Conservatives, such as Blum, have adopted Marshall’s tactics — to different ends, said Hans A. von Spakovsky, a fellow at the Heritage Foundation.

“There are plenty of groups who carefully cultivate cases,” von Spakovsky said. “The only thing that is unusual is it is mostly liberal groups who work on stuff like this.”

The search for a plaintiff to challenge affirmative action in higher education took Blum two years. He began the hunt in 2006, just after the Supreme Court narrowly upheld an affirmative action program at the University of Michigan.

Blum’s alma mater — the University of Texas — was a natural target: Blum knew the school used race as one factor in its admissions process. He set up the Web site UTNotFair.org to solicit the stories of white students whose applications had been rejected. He sifted through some 300 entries. He called attorneys, who might already have clients whose cases could lend themselves to his cause. He called old friends. He waited.
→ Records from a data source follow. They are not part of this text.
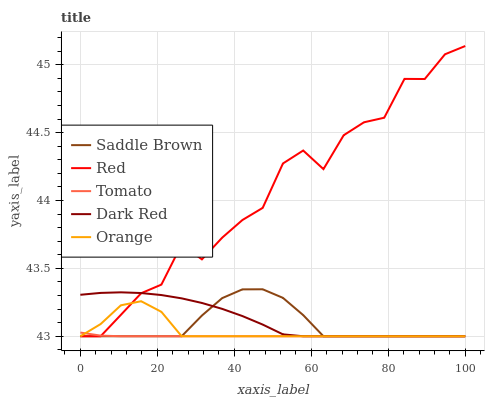Does Tomato have the minimum area under the curve?
Answer yes or no. Yes. Does Red have the maximum area under the curve?
Answer yes or no. Yes. Does Dark Red have the minimum area under the curve?
Answer yes or no. No. Does Dark Red have the maximum area under the curve?
Answer yes or no. No. Is Tomato the smoothest?
Answer yes or no. Yes. Is Red the roughest?
Answer yes or no. Yes. Is Dark Red the smoothest?
Answer yes or no. No. Is Dark Red the roughest?
Answer yes or no. No. Does Tomato have the lowest value?
Answer yes or no. Yes. Does Red have the highest value?
Answer yes or no. Yes. Does Dark Red have the highest value?
Answer yes or no. No. Does Dark Red intersect Saddle Brown?
Answer yes or no. Yes. Is Dark Red less than Saddle Brown?
Answer yes or no. No. Is Dark Red greater than Saddle Brown?
Answer yes or no. No. 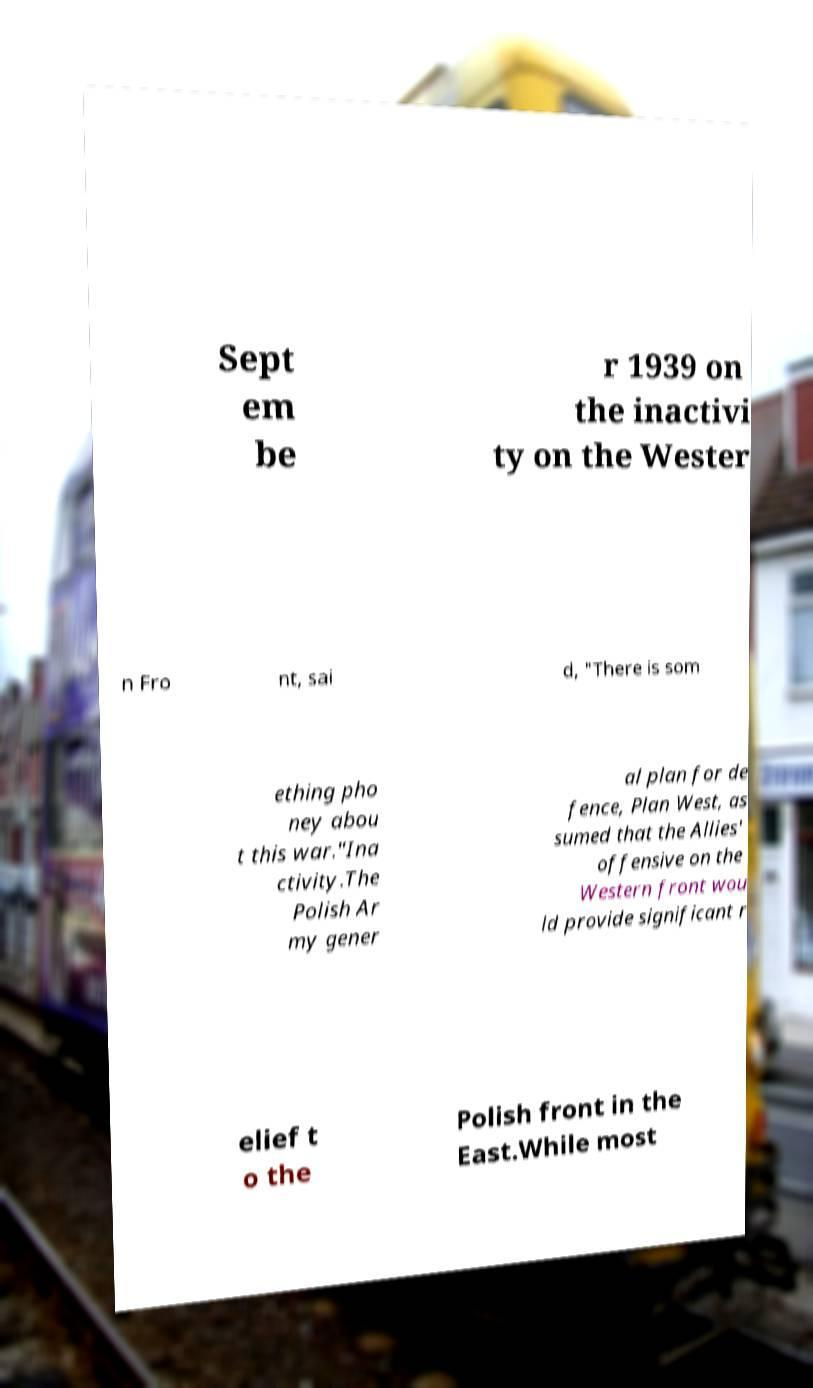Can you read and provide the text displayed in the image?This photo seems to have some interesting text. Can you extract and type it out for me? Sept em be r 1939 on the inactivi ty on the Wester n Fro nt, sai d, "There is som ething pho ney abou t this war."Ina ctivity.The Polish Ar my gener al plan for de fence, Plan West, as sumed that the Allies' offensive on the Western front wou ld provide significant r elief t o the Polish front in the East.While most

He considered one young man, but he seemed like a goofball who might go off the rails, Blum recalls. He met another student whose father said things that struck Blum as bigoted.
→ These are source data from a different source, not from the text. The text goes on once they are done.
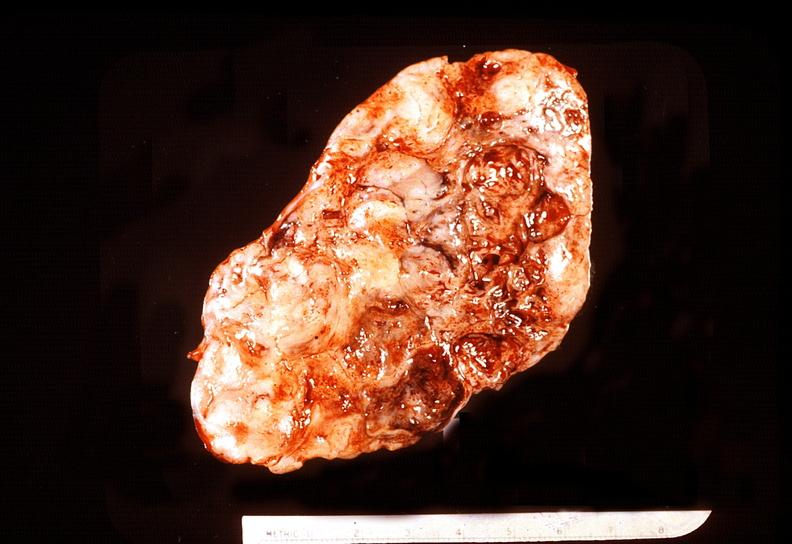s endocrine present?
Answer the question using a single word or phrase. Yes 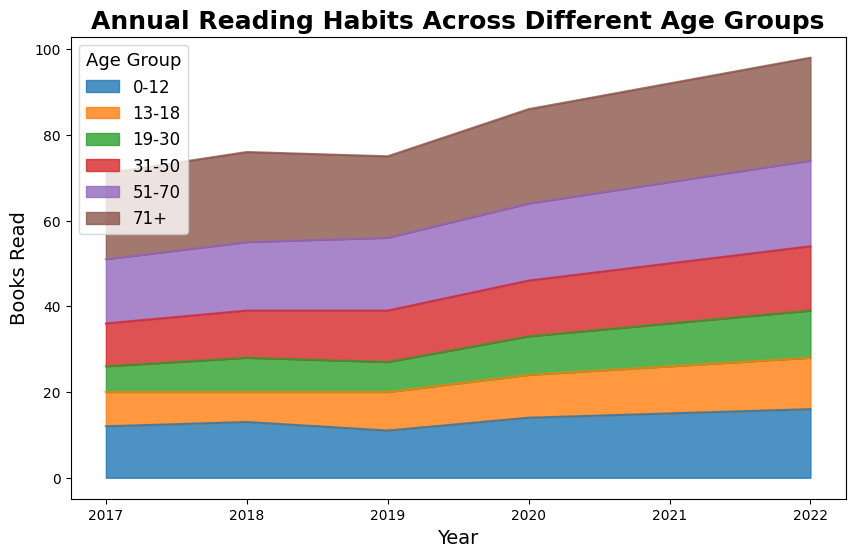Which age group reads the most books overall? Based on the height and color-density of the areas in the chart, the 71+ age group section is consistently the tallest area between 2017 and 2022, indicating the highest total number of books read.
Answer: 71+ Compare the increase in books read by the 0-12 age group from 2017 to 2022. How many more books were read in 2022 than in 2017? In 2017, the 0-12 age group read 12 books. In 2022, they read 16 books. The difference is 16 - 12 = 4 books.
Answer: 4 How did the reading habits of the 13-18 and 19-30 age groups change from 2017 to 2022? From 2017 to 2022, the 13-18 age group increased their reading from 8 to 12 books, while the 19-30 age group increased from 6 to 11 books. Both age groups showed an overall increase in the number of books read.
Answer: Increased for both Which year saw the highest reading average across all age groups? Calculate the average books read per year by adding up the values for all age groups and dividing by the number of age groups. Compare each year:
- 2017: (12+8+6+10+15+20)/6 = 11.83
- 2018: (13+7+8+11+16+21)/6 = 12.67
- 2019: (11+9+7+12+17+19)/6 = 12.5
- 2020: (14+10+9+13+18+22)/6 = 14.33
- 2021: (15+11+10+14+19+23)/6 = 15.33
- 2022: (16+12+11+15+20+24)/6 = 16.33
2022 has the highest average, with 16.33 books per age group.
Answer: 2022 What is the largest single-year increase in reading for any age group, and which group/year does it pertain to? Calculate the year-to-year increase for each age group:
- 0-12: (13-12)=1, (11-13)=-2, (14-11)=3, (15-14)=1, (16-15)=1
- 13-18: (7-8)=-1, (9-7)=2, (10-9)=1, (11-10)=1, (12-11)=1
- 19-30: (8-6)=2, (7-8)=-1, (9-7)=2, (10-9)=1, (11-10)=1
- 31-50: (11-10)=1, (12-11)=1, (13-12)=1, (14-13)=1, (15-14)=1
- 51-70: (16-15)=1, (17-16)=1, (18-17)=1, (19-18)=1, (20-19)=1
- 71+: (21-20)=1, (19-21)=-2, (22-19)=3, (23-22)=1, (24-23)=1
The largest single-year increase is +3 books for the 0-12 group from 2019 to 2020.
Answer: 0-12 (2019-2020) What is the total number of books read by the 31-50 age group over the 6 years? Sum the number of books read by the 31-50 age group from 2017 to 2022:
10 (2017) + 11 (2018) + 12 (2019) + 13 (2020) + 14 (2021) + 15 (2022) = 75 books.
Answer: 75 Which age group shows the least change from year to year in their reading habits? The age group with consistent year-to-year increments or decrements and least variation is 31-50, with each year showing a steady increase of exactly 1 book (10, 11, 12, 13, 14, 15).
Answer: 31-50

Then Blum heard from Abigail Fisher’s father. Blum had known the Fishers since before Abigail was born, and they knew of his hunt. Fisher had been denied admission to UT, the university her father and sister had attended, and she wanted to sue.

Blum look at Fisher’s academic record and then gave the A-student The Talk.

“It will be represented in court that you, as an individual 18-year-old kid, are questioning the wisdom and propriety of diversity in higher education,” he recalled saying. “And your friends may not like this. Your parents’ friends may not like this. . . . I’ll pay for it all. I’ll hold your hand throughout the years . . . but you have to be prepared for this.”

Fisher said yes. The justices agreed to hear the case, which was argued this fall.

“I don’t want to sound cocky, but I knew it,” Blum said.“I just knew it.”

At the same time, Blum was narrowing in on a plaintiff to challenge his other target: Section 5 of the Voting Rights Act, a triumph of the civil rights movement passed to protect black voters from literacy tests and Jim Crow election officials. The section requires certain states and jurisdictions — mostly in the South — to get Justice Department “pre-clearance,” or approval, before changing any law or procedure that affects voting.